I was staying in a hotel near the beach. Breakfast felt like I was on holidays.
I mean come on.
Was I delighted to be whisked away by minibus at the crack of dawn to the conference centre with windowless rooms? I am only human, I was not.
But we did get a tour of Nicosia in the evening where we saw the monument to liberation from the British (enjoyable).
We also saw the archeological museum which was interesting.
Not satisfied with my baking in Cyprus opportunities in May, I also went to a conference in Lisbon last month. Toasty, but I was last in Lisbon before I was married and I had forgotten how beautiful it is. I would definitely like to go back again on my own dime.
Obligatory tram photo.
On my return flight to Dublin on Saturday morning I was sitting on the aisle side with an American in the middle and an older woman from Cork at the window.

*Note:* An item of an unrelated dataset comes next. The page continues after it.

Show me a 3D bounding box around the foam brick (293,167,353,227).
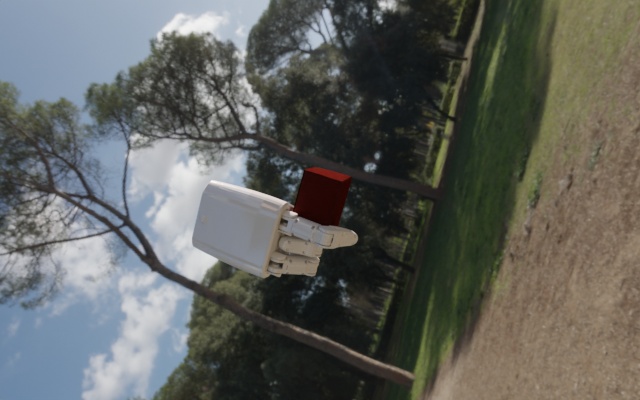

I knew she was from Cork because I heard her telling the American man so. We waited a long time on the tarmac to get off (I missed the session in Dalkey book festival I had been scheduled to attend that afternoon, alas). The American and the Cork woman began to talk about politics and I started to feel sorry for him so I staged an intervention. “I heard you saying you were from Cork earlier,” I said to her. No further intervention was needed. We established the following over the body of the misfortunate American: she lived around the corner from my parents; she remembered them from when my brother had been a primary school pupil in the school where she taught (we verified his identity from the photo I have of him in his plum velvet communion suit which pops up whenever he calls me, I’m hilarious, it was the 70s); her son is married to a (very good) hockey player who was in my sister’s class in school; she lives next door to the mother of a friend of Mr. Waffle’s from college; and she plays bridge with my best friend from school’s mother. This is possibly the best illustration of why, fond as I am of Cork, I quite like the anonymity of the big city. I felt quite sorry for the poor American.
Anyway, been anywhere nice for work yourself?